These were not forces designed to work with our coalition partners. These were not forces designed to be sent overseas. These were forces designed for the defence of Australian territory. And while it did not occupy a lot of attention at the time, perhaps most significantly, Robert Menzies also introduced what he described as selective compulsory service. He needed a vast expansion of the army and the infamous draught of Vietnam did not come about because of the Vietnam War. It came about because of Konfrontasi and the need and fear that we had to defend the Australian continent.

In 1965, the conflict and potential conflicts with Konfrontasi started to stalemate. The Indonesians came to see that they could not push the British out as they had done the Dutch. Australian diplomacy was working. And so we were able to start to turn our attention more towards the potential in Vietnam.

In August of 1965, there was a coup in Indonesia or an attempted coup, and very soon a young military general named [unclear] would take power. The threat had started to pass and so Australian attention could shift towards Vietnam.

By 1966, we had two battalions and a third in 1968. But this was not a conflict that is popularly understood, we were asked or required to attend. This was not other people's war. This was something that we saw as valuable for our own security. And yet when you look at the records, it is distinctive how little the Australian cabinet paid attention to the potential conflict and the current conflict in Vietnam that compared to what they did with Konfrontasi, a conflict that focused on and threatened the Australian continent.

Defence spending across the late 1960s would then start to drop from its highs of 16% of the government's annual outlays down to around 12%. If I switched to using gross domestic products or beloveds in our current debates, the percent of GDP where the Americans were spending 10% of their GDP per year on defence, Australia was spending at 4% during the height of Konfrontasi and down to 2.1% by the end of the Vietnam War or our participation in it.

Australia, during this period, though we were working and desperate to get the support and attention of our great and powerful friends was clearly operating by an underlying hierarchy, protect the continent first and then go overseas. When we were secure. On the 26th of January, 1966, Robert Menzies retired and it was left to his coalition successors to try to understand how these policies might play out because by the late 1960s it was clear that both the British and the Americans were starting to step back from Southeast Asia. They did not see it as a priority theatre as Australia had so long worked for.

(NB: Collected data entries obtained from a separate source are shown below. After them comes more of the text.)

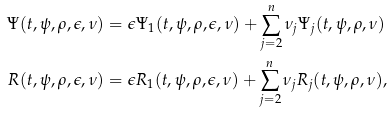Convert formula to latex. <formula><loc_0><loc_0><loc_500><loc_500>\Psi ( t , \psi , \rho , \epsilon , \nu ) & = \epsilon \Psi _ { 1 } ( t , \psi , \rho , \epsilon , \nu ) + \sum _ { j = 2 } ^ { n } \nu _ { j } \Psi _ { j } ( t , \psi , \rho , \nu ) \\ R ( t , \psi , \rho , \epsilon , \nu ) & = \epsilon R _ { 1 } ( t , \psi , \rho , \epsilon , \nu ) + \sum _ { j = 2 } ^ { n } \nu _ { j } R _ { j } ( t , \psi , \rho , \nu ) ,</formula> 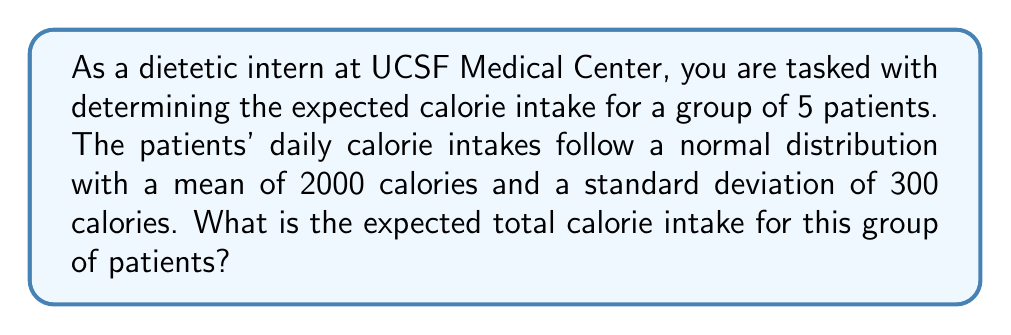Provide a solution to this math problem. Let's approach this step-by-step:

1) First, we need to understand what we're given:
   - There are 5 patients
   - Each patient's calorie intake follows a normal distribution
   - The mean (μ) of this distribution is 2000 calories
   - The standard deviation (σ) is 300 calories

2) The expected value of each patient's calorie intake is equal to the mean of the distribution:
   
   $E(X) = μ = 2000$ calories

3) We want to find the expected total calorie intake for all 5 patients. Let's call this total $Y$.
   
   $Y = X_1 + X_2 + X_3 + X_4 + X_5$

   where $X_i$ represents the calorie intake of the $i$-th patient.

4) A key property of expected values is linearity. This means:
   
   $E(Y) = E(X_1 + X_2 + X_3 + X_4 + X_5)$
   $= E(X_1) + E(X_2) + E(X_3) + E(X_4) + E(X_5)$

5) Since each $X_i$ has the same expected value (2000 calories), we can simplify this to:
   
   $E(Y) = 2000 + 2000 + 2000 + 2000 + 2000$
   $= 5 * 2000 = 10000$ calories

Therefore, the expected total calorie intake for the group of 5 patients is 10000 calories.
Answer: 10000 calories 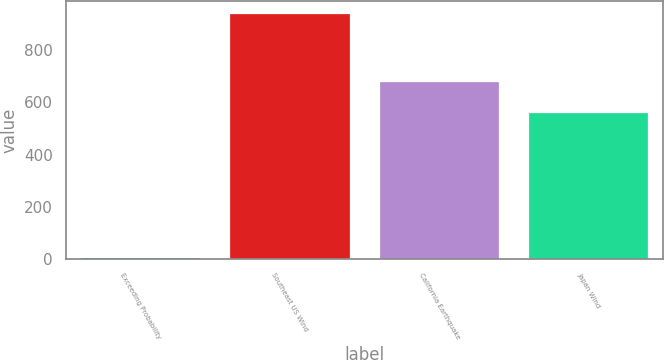<chart> <loc_0><loc_0><loc_500><loc_500><bar_chart><fcel>Exceeding Probability<fcel>Southeast US Wind<fcel>California Earthquake<fcel>Japan Wind<nl><fcel>1<fcel>941<fcel>678<fcel>560<nl></chart> 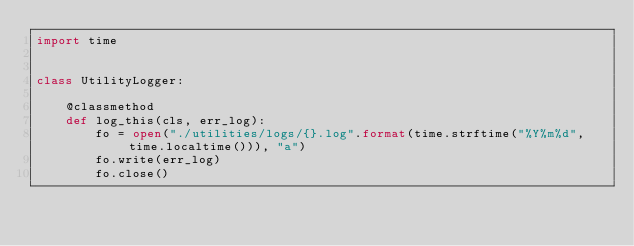Convert code to text. <code><loc_0><loc_0><loc_500><loc_500><_Python_>import time


class UtilityLogger:

    @classmethod
    def log_this(cls, err_log):
        fo = open("./utilities/logs/{}.log".format(time.strftime("%Y%m%d", time.localtime())), "a")
        fo.write(err_log)
        fo.close()
</code> 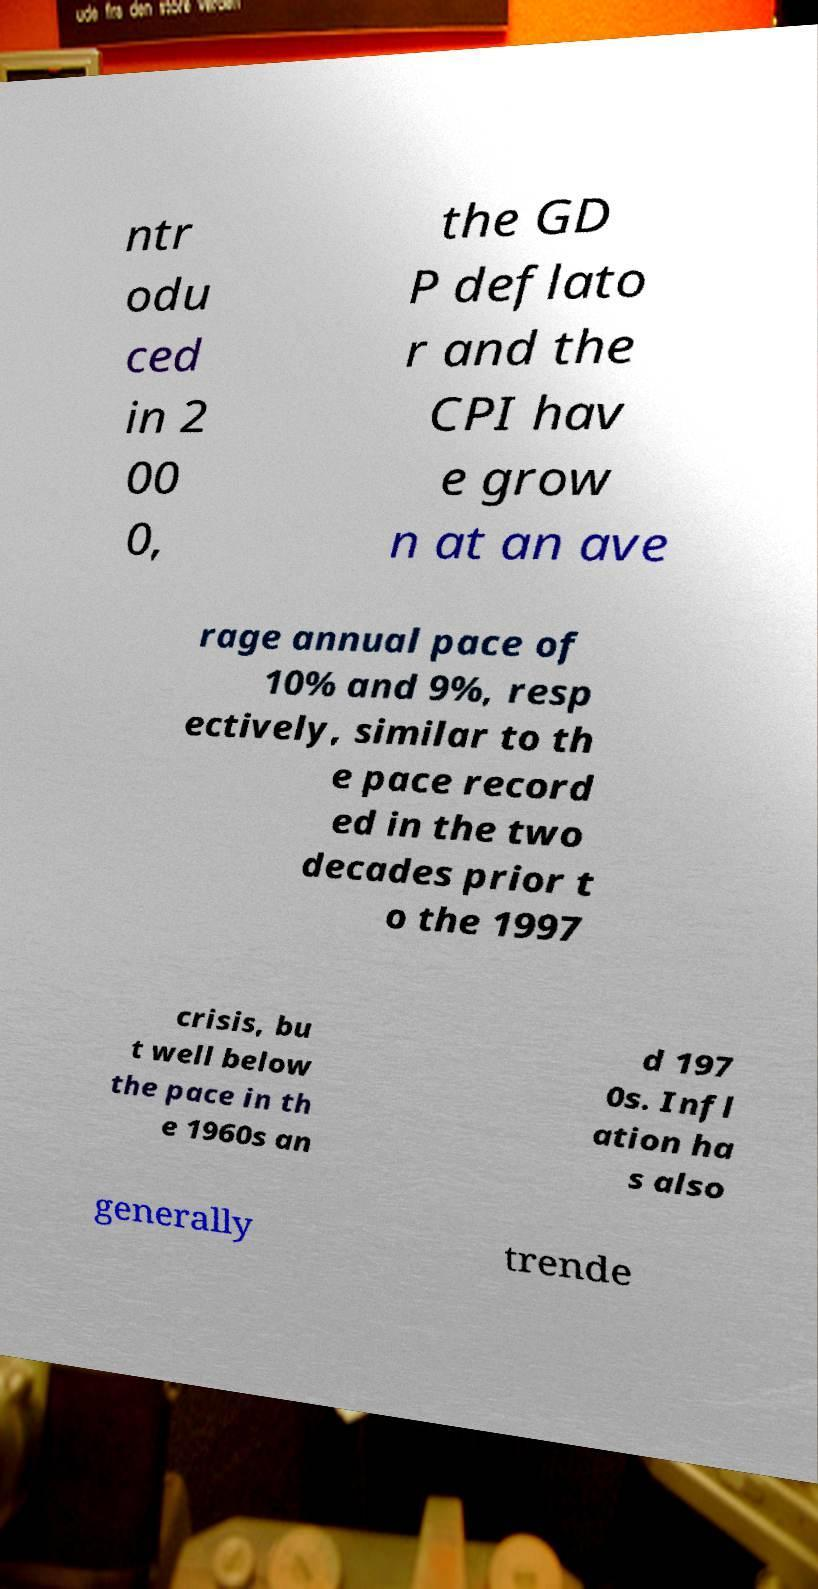I need the written content from this picture converted into text. Can you do that? ntr odu ced in 2 00 0, the GD P deflato r and the CPI hav e grow n at an ave rage annual pace of 10% and 9%, resp ectively, similar to th e pace record ed in the two decades prior t o the 1997 crisis, bu t well below the pace in th e 1960s an d 197 0s. Infl ation ha s also generally trende

And the Australians started to agree, the threat was clearly starting to dissipate.

And yet this was a great age of confusion. We were uncertain about the timing and choices of our allies, even though the direction of their policy stepping back from the region east of Suez under the British and Nixon's Guam doctrine for the Americans was clear on the broader trend lines. The region was changing. We were starting to understand what was occurring as much more nationalist movements rather than communist ones. And Australia itself was changing too, moving away from that white Australia tradition that Menzies had upheld.

But John Gorton pictured here on screen smoking was not a prime minister who, as much as he could see some of these trends, had the political support to be able to speak to the public clearly about them, nor would his successors.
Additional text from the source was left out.